Réinterroger ce passé au regard des archives qui s’ouvrent, des nouveaux travaux historiques pourrait peut-être nous permettre de faire ce travail de reconquête de notre estime nationale indispensable pour « faire France » et porter la République. L’enjeu est de taille et Dunkerque pourrait –si elle le souhaite- être force de proposition.

Le scénario de Nolan sera le sien, la vision qu’il aura de l’évènement sera la sienne, mais rien ne nous empêche, parallèlement au film qui aura sa vie propre, d’utiliser ce formidable évènement pour mettre en place, sur la durée, des colloques, séminaires, manifestations, exposition, en lien avec les historiens, les universités, le monde combattants et ses associations, les chercheurs en Sciences politiques, les philosophes sur ce passé qui ne passe pas et qui demeure pour une grande part totalement inconnu de nos compatriotes où alors très mal et de façon erronée.

Si Dunkerque fut une ville martyre et qui a bien mérité de la Patrie, elle peut à nouveau jouer ce rôle essentiel de lien pour la Nation, entre un évènement qui a failli voir sa disparition et qui a joué un rôle majeur dans sa crise identitaire voire existentielle que nous connaissons.

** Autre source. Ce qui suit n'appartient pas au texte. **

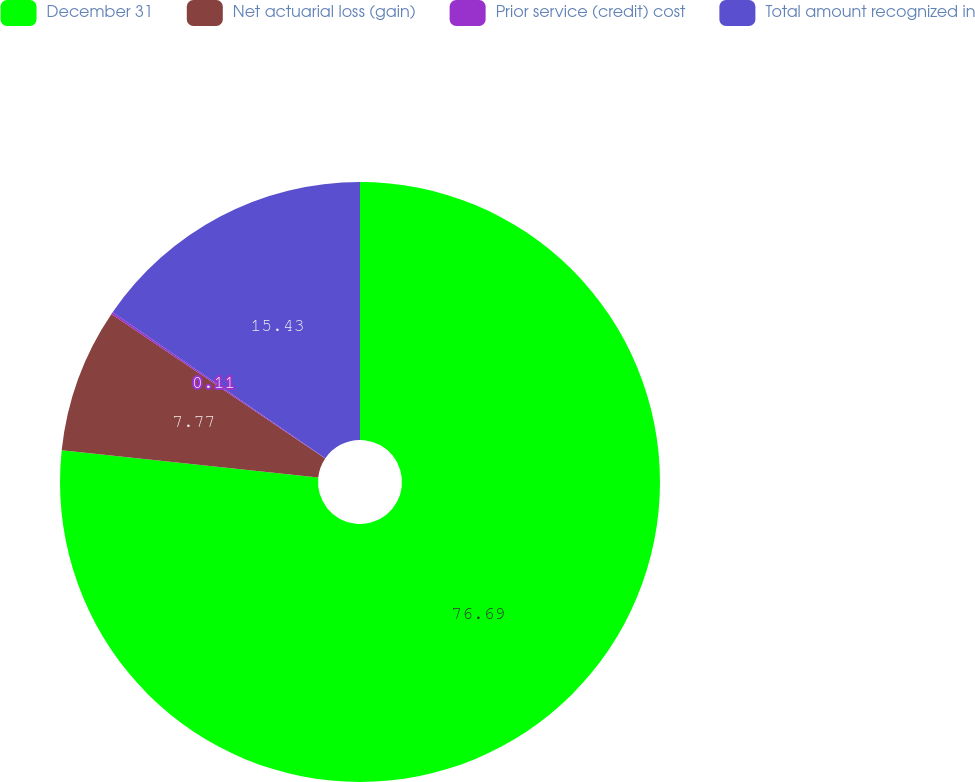Convert chart to OTSL. <chart><loc_0><loc_0><loc_500><loc_500><pie_chart><fcel>December 31<fcel>Net actuarial loss (gain)<fcel>Prior service (credit) cost<fcel>Total amount recognized in<nl><fcel>76.69%<fcel>7.77%<fcel>0.11%<fcel>15.43%<nl></chart>

Ce travail me paraît urgent et peut contribuer à forger une réponse à cette question qui aujourd’hui nous obsède : qu’est-ce qu’être Français ?

Il faut donc se saisir de cette occasion extraordinaire qui nous est offerte à la fois par le hasard et peut-être la nécessité qu’ont les hommes d’interroger sans cesse leur passé. Réduire ce moment a une opportunité économique et d’image serait passer à côté de ce qu’il peut pleinement représenter. Il peut nous permettre, sur un enjeu profondément historique et politique, de donner à Dunkerque un rôle de premier plan dans cet immense débat qui nous agite et qui doit nous engager pour rétablir ce dialogue avec l’histoire sans lequel il serait vain de prétendre vouloir faire de la politique, donc de comprendre notre pays et de lui tracer une perspective qu’il recherche désespérément et sans laquelle il peut basculer dans le chaos. La mémoire doit céder le pas à l'histoire afin de faire sens.

Aussi surprenant que cela puisse paraître, il se peut que le cinéma puisse nous aider.